A stunning new report from the University of California, San Diego documents what many educators have feared: incoming college students are less prepared than ever. This “steep decline in the academic preparedness” of incoming college students isn’t limited to advanced subjects; it’s hitting the bedrock of learning: literacy and numeracy. These are the skills upon which all higher-order thinking depends.
The report points to pandemic disruptions, the removal of standardized tests like the SAT, and grade inflation masking academic weakness. But these are symptoms, not causes. The deeper problem is an ideological takeover of America’s K-12 system -- an approach that dismisses standardized tests as “products of white supremacy” and inflates grades to preserve the illusion of success. It’s an approach that relies on a teaching philosophy that promotes activism in the classroom for causes like decolonization (“down with America”) and anti-racism (solving racism with more racism), all at the expense of core academic proficiency.

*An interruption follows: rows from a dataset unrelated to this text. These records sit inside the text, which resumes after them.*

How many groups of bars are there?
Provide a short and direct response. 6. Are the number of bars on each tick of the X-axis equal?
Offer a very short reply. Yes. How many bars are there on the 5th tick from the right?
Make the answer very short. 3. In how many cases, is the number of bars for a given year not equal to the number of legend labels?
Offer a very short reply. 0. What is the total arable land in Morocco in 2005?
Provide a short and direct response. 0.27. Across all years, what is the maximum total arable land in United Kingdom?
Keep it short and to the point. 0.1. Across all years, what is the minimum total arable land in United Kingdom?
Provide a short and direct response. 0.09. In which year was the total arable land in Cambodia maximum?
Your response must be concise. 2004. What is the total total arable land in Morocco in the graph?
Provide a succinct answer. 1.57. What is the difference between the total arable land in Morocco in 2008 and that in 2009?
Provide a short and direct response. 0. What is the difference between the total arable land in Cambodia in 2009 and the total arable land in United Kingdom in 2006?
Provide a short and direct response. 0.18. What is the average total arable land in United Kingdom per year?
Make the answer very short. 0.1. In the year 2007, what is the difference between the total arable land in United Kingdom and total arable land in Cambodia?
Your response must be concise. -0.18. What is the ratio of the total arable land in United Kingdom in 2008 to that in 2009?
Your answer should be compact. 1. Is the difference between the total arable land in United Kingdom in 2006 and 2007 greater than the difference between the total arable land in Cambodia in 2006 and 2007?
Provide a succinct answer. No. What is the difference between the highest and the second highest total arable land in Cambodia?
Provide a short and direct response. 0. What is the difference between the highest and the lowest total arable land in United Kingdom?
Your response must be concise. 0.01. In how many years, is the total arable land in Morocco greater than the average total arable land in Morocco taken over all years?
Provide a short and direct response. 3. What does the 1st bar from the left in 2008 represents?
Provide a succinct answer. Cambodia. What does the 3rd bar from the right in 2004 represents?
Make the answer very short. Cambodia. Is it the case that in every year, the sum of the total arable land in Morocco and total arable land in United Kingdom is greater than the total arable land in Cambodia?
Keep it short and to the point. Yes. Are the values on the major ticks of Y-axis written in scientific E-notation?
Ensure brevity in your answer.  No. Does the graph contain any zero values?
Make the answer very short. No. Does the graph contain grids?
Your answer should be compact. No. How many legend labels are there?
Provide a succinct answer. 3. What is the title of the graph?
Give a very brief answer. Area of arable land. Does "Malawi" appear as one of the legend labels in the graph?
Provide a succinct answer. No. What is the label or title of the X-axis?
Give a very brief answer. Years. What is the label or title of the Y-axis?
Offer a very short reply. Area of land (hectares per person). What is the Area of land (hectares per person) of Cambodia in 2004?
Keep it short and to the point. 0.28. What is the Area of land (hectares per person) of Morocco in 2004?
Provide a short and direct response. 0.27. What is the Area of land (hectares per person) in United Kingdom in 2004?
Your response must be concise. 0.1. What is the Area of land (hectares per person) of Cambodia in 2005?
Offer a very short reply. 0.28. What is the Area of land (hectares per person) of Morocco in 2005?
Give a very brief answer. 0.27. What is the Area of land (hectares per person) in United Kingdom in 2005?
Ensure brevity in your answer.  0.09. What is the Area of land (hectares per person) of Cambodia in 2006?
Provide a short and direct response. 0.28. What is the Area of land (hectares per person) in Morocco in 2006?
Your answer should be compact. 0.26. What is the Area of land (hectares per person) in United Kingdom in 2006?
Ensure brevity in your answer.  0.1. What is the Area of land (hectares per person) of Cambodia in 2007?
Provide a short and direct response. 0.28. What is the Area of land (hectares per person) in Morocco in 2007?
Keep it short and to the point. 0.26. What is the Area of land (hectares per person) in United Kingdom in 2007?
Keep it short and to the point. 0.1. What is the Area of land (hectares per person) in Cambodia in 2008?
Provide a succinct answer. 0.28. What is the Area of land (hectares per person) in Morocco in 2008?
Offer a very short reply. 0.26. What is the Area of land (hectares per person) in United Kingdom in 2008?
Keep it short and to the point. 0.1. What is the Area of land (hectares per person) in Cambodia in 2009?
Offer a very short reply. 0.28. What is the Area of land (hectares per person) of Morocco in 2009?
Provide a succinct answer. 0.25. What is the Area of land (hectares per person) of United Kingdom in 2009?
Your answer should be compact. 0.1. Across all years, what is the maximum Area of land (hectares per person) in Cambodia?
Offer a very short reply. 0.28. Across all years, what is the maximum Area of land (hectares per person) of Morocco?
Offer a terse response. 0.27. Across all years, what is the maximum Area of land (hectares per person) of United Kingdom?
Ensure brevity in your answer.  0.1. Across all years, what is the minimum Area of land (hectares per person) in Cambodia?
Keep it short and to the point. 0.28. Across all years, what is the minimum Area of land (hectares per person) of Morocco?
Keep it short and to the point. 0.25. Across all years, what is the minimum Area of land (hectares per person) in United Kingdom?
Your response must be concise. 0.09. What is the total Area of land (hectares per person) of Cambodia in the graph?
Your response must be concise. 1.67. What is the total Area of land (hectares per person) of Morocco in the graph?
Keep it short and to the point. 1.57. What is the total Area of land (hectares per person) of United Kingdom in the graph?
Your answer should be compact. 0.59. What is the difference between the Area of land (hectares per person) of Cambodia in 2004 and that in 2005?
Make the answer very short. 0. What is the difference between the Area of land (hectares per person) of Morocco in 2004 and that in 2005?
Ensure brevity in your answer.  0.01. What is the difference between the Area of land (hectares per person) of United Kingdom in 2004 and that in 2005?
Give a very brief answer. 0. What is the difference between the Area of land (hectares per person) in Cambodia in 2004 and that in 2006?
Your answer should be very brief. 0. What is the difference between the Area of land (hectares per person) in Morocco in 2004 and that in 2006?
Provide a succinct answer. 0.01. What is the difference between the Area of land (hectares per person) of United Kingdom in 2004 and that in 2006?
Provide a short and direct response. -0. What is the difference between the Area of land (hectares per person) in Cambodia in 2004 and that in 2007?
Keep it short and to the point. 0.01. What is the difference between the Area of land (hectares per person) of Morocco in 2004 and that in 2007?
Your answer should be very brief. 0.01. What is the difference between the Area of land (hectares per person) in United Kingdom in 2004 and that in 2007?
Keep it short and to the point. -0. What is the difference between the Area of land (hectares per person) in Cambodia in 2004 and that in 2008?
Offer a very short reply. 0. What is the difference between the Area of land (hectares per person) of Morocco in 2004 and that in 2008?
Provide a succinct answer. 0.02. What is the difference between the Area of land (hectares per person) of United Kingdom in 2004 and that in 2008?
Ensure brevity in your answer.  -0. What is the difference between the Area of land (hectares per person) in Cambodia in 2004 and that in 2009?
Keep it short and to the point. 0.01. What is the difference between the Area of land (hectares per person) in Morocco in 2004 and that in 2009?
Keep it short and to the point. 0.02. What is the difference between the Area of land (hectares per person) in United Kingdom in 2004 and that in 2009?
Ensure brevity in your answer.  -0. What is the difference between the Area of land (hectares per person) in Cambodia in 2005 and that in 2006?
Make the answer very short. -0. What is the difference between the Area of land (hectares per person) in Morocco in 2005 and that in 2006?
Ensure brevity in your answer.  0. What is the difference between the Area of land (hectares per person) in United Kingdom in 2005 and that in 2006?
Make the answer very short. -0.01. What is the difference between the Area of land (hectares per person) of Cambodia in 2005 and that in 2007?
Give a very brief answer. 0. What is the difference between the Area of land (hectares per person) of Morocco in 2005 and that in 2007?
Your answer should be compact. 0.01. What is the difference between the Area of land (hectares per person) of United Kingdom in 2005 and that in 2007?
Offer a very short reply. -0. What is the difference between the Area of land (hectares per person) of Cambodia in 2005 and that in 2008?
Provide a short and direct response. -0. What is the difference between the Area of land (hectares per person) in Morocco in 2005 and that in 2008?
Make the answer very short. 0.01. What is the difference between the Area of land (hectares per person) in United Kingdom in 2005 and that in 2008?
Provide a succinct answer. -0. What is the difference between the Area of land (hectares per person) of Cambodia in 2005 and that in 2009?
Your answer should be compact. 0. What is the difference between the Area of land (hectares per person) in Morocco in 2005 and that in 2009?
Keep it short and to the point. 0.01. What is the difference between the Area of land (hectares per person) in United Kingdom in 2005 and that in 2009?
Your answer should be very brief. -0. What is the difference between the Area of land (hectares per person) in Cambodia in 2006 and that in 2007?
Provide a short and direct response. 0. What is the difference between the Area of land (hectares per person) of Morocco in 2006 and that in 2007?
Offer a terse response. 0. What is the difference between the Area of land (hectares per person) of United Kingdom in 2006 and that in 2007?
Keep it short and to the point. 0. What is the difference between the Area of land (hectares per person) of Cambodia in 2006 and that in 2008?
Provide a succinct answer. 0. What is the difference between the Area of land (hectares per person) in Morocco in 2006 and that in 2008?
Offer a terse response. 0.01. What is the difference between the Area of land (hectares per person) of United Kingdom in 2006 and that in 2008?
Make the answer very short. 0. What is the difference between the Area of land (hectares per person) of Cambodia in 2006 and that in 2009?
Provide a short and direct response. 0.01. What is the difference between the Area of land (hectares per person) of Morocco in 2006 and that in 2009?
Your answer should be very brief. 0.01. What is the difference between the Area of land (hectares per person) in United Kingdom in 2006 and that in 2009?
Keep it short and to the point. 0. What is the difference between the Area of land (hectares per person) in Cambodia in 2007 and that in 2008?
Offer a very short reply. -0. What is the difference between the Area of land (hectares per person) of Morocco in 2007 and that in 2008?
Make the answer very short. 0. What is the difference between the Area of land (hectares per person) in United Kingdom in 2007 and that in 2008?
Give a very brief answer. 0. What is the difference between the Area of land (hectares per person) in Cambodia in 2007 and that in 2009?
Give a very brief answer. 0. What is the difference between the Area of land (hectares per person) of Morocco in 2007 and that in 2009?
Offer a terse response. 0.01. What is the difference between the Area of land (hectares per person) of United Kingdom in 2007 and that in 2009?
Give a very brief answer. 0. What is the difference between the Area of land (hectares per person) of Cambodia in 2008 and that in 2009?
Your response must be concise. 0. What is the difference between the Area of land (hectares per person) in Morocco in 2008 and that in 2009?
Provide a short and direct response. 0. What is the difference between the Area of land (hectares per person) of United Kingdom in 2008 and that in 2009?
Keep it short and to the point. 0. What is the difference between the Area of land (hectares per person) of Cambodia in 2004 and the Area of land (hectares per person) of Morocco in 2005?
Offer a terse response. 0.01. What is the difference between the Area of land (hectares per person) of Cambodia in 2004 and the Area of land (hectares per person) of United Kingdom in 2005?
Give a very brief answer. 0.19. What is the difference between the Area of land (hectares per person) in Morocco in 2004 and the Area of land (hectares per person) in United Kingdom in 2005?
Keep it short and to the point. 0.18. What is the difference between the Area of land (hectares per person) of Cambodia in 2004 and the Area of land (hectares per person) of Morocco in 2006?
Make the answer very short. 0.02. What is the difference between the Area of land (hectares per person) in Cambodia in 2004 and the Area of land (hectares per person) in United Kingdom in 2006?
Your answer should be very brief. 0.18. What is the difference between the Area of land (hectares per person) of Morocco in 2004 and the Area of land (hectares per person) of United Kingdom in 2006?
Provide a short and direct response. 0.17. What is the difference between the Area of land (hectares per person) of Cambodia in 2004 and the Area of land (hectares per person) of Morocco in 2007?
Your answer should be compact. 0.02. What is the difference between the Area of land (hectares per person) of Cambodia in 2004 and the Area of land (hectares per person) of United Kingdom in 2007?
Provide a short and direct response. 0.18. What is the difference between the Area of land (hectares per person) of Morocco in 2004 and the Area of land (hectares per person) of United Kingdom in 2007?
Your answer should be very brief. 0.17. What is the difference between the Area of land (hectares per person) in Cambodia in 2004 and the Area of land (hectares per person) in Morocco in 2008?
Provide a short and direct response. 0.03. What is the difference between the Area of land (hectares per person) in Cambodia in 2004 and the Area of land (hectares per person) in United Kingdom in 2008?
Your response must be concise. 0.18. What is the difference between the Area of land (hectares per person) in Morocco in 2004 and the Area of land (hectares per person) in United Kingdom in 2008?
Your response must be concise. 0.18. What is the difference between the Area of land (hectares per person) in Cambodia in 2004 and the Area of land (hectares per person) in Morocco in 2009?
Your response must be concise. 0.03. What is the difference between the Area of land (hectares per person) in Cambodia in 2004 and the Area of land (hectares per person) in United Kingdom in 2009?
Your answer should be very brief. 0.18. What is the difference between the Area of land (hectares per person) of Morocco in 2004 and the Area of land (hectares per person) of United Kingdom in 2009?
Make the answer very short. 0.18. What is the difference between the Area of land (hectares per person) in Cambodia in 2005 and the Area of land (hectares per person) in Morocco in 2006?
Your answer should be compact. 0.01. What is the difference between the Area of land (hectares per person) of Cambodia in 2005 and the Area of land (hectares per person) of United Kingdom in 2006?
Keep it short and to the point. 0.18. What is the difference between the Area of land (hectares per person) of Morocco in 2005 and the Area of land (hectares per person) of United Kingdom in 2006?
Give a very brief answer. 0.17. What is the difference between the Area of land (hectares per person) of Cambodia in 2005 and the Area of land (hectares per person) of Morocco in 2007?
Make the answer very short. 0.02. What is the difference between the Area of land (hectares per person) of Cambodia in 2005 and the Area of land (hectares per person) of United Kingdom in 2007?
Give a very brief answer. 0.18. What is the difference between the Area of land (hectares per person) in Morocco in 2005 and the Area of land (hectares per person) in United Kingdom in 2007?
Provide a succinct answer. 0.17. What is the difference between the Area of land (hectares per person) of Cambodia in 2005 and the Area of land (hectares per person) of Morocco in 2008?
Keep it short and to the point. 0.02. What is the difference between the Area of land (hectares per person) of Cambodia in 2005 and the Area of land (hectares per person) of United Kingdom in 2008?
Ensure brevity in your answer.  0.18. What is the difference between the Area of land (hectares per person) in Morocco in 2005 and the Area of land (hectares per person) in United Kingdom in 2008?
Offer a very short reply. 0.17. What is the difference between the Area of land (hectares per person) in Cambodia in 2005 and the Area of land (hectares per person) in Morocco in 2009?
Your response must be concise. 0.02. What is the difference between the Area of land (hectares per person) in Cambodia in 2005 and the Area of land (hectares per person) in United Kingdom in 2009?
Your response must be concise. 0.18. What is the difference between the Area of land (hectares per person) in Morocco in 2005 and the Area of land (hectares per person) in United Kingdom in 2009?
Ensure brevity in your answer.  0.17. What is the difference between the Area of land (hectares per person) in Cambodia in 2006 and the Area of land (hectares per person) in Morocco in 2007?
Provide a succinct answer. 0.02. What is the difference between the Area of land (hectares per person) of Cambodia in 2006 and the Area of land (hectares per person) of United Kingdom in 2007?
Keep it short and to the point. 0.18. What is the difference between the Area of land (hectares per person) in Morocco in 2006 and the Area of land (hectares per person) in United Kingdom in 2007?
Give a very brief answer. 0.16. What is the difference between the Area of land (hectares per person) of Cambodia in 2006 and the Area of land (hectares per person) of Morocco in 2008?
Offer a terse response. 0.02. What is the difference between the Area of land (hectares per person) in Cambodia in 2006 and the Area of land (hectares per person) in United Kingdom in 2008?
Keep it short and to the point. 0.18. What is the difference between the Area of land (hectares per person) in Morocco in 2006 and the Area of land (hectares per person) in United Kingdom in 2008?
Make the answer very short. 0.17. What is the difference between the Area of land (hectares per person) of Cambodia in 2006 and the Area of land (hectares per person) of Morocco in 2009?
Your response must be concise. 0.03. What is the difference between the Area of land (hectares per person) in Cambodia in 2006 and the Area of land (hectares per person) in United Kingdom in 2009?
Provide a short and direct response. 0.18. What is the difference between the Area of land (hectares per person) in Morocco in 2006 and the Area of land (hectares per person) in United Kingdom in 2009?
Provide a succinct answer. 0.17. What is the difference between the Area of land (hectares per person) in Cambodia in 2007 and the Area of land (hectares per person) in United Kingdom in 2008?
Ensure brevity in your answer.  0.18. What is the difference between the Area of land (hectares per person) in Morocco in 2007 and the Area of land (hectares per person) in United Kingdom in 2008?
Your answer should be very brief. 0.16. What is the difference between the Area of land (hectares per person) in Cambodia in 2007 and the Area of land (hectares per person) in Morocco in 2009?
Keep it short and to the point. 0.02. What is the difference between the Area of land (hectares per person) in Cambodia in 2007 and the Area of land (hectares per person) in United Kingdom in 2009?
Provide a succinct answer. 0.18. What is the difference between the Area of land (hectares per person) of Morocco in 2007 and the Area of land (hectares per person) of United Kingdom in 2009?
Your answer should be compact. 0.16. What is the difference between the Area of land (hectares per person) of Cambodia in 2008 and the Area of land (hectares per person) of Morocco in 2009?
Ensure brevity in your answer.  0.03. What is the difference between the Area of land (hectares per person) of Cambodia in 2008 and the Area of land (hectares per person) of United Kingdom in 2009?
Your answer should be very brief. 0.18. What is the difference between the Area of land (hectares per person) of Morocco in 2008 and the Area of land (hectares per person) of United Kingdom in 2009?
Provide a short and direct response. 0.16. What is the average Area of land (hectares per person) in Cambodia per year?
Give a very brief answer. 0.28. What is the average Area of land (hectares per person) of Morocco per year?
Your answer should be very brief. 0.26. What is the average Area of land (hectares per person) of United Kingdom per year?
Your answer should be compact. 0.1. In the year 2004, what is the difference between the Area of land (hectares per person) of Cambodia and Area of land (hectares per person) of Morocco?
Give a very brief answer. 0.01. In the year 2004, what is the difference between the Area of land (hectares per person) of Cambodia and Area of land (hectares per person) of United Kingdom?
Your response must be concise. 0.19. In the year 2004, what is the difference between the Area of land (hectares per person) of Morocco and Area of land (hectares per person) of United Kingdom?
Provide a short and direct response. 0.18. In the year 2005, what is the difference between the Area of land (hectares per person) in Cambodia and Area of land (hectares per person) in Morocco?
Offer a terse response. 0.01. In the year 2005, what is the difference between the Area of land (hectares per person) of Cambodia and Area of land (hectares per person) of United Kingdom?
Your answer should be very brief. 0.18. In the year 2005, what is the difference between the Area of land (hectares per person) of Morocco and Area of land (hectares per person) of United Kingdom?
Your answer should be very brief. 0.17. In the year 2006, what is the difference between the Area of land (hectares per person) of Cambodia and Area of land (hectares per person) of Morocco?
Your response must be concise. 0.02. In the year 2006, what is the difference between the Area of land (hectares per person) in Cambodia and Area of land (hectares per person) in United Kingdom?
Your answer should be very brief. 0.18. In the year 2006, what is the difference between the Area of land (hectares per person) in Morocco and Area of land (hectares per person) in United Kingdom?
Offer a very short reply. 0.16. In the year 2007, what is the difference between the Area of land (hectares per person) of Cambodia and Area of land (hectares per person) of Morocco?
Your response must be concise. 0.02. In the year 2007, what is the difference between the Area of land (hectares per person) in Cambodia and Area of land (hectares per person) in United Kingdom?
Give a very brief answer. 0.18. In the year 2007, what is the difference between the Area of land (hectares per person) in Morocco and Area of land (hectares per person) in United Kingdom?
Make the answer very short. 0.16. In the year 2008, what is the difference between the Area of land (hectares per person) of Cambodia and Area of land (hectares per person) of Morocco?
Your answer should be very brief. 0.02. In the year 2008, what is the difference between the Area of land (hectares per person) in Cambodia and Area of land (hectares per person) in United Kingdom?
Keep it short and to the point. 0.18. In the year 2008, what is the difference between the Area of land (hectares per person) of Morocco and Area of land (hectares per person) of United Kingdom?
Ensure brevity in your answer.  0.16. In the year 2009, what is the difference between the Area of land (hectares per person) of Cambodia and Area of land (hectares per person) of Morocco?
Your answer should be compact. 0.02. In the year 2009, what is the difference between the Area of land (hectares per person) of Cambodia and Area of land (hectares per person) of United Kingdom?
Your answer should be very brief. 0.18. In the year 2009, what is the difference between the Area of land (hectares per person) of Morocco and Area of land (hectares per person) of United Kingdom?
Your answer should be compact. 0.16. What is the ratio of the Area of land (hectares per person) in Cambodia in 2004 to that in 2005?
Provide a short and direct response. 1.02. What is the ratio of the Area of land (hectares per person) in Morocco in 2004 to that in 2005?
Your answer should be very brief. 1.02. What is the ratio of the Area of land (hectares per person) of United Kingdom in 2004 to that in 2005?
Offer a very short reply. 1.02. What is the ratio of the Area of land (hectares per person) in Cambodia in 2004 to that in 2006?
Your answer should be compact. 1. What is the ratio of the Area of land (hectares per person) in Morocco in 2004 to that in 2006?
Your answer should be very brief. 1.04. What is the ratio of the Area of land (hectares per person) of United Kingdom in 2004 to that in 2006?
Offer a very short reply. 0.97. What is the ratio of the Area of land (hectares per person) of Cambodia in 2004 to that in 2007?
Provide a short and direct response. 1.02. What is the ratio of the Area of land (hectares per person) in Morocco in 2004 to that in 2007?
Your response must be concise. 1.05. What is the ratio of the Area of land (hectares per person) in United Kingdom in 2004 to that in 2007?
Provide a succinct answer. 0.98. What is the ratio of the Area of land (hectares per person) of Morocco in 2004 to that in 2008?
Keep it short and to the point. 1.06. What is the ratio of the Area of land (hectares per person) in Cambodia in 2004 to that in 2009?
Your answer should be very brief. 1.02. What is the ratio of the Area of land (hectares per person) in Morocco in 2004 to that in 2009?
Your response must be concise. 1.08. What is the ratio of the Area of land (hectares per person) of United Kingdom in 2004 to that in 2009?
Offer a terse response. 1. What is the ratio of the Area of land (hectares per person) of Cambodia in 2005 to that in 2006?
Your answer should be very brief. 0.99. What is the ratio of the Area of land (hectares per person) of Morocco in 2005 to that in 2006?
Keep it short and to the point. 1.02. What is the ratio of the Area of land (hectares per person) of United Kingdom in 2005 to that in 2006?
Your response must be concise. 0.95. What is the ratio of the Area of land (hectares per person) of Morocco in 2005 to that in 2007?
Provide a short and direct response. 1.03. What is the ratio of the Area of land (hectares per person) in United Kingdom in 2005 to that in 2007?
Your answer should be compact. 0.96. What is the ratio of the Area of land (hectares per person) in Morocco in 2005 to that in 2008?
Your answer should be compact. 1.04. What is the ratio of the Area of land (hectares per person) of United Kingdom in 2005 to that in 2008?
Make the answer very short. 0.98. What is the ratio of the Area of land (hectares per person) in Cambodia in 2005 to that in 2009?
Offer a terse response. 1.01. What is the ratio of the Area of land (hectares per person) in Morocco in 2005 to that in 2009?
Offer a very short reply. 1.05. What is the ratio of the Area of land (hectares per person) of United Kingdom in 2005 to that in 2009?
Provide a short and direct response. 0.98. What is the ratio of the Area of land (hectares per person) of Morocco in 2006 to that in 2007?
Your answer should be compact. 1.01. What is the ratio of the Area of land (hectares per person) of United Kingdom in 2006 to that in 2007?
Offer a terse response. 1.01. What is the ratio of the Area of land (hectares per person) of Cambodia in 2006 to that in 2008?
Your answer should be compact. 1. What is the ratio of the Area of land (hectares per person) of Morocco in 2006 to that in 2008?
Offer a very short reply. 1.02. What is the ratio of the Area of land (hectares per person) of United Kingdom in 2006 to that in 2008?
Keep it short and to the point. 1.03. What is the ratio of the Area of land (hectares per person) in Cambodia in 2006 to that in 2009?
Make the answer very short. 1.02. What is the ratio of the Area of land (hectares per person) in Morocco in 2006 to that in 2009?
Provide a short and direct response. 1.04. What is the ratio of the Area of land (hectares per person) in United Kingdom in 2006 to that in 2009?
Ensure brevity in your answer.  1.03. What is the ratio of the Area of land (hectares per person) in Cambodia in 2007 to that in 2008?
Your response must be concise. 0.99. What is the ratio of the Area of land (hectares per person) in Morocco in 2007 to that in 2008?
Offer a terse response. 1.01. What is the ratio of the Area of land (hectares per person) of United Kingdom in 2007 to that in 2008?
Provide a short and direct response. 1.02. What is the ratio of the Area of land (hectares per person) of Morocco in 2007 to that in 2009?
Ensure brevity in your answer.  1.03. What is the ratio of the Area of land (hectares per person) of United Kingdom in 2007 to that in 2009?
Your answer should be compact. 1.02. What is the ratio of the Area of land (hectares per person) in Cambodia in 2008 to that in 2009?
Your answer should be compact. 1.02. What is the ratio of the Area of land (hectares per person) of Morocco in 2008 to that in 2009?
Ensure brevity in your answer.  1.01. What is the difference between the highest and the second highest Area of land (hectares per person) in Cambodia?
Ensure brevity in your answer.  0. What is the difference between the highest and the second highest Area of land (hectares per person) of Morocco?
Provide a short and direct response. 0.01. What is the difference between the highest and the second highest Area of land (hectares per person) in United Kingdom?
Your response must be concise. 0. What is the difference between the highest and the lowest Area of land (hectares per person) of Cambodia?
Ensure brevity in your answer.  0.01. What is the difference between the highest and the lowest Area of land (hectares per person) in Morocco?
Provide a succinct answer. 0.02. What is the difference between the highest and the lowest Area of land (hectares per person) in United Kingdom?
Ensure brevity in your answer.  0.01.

No one made this clearer than Cecily Myart-Cruz, head of Los Angeles’s teachers union, who said: “It’s OK that our babies may not have learned all their times tables. They learned resilience. They learned survival. They learned critical-thinking skills. They know the difference between a riot and a protest. They know the words insurrection and coup.”
California’s Ethnic Studies mandate, which took hold over the past five years, coincides with a sharp decline in statewide test scores for grades 3-8 and 11 in English Language Arts and math. While activists spent years crafting curricula that demonize America, Israel, Jews, and the West, students were robbed of the opportunity to master fundamentals.